Reply with one number, the count of lines below that contain the string "Locate".

[Data in this exercise]

%%

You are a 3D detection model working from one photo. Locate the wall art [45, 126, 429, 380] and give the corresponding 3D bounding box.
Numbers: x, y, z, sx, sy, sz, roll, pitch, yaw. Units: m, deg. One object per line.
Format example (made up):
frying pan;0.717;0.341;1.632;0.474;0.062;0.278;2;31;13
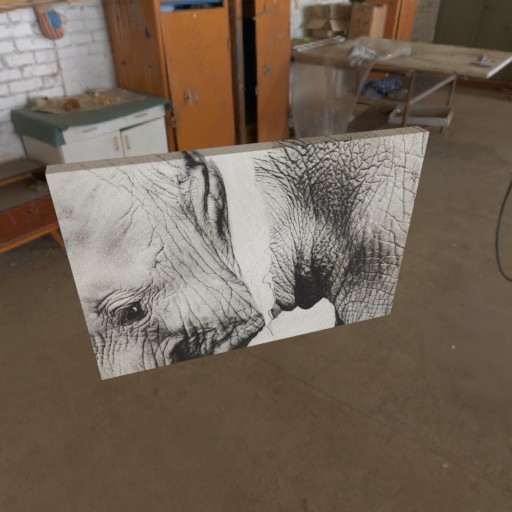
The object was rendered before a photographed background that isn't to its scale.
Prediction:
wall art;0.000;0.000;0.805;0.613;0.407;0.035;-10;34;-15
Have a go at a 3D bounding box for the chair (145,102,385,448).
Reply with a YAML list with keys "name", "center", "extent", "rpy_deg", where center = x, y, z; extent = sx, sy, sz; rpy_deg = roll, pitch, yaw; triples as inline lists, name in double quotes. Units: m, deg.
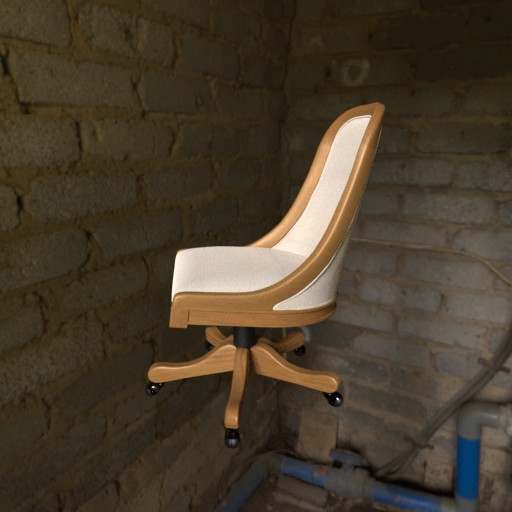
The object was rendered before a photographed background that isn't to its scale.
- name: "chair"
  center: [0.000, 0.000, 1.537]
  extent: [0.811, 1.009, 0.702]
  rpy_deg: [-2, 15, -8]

%%
%%

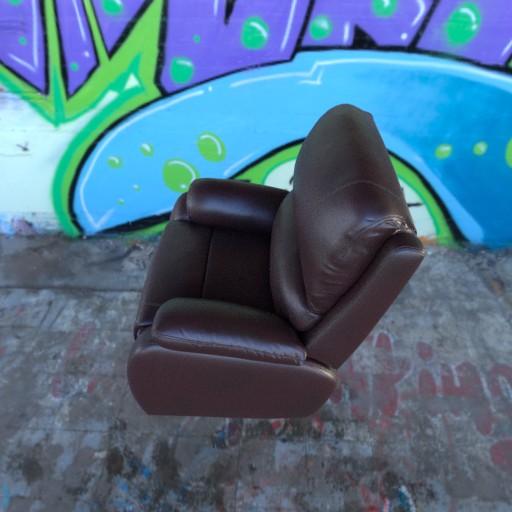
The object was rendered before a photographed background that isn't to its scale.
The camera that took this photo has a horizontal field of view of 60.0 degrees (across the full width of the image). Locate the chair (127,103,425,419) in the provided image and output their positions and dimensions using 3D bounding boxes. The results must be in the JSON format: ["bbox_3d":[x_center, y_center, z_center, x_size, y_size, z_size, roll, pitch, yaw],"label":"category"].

%%

[Your solution]
2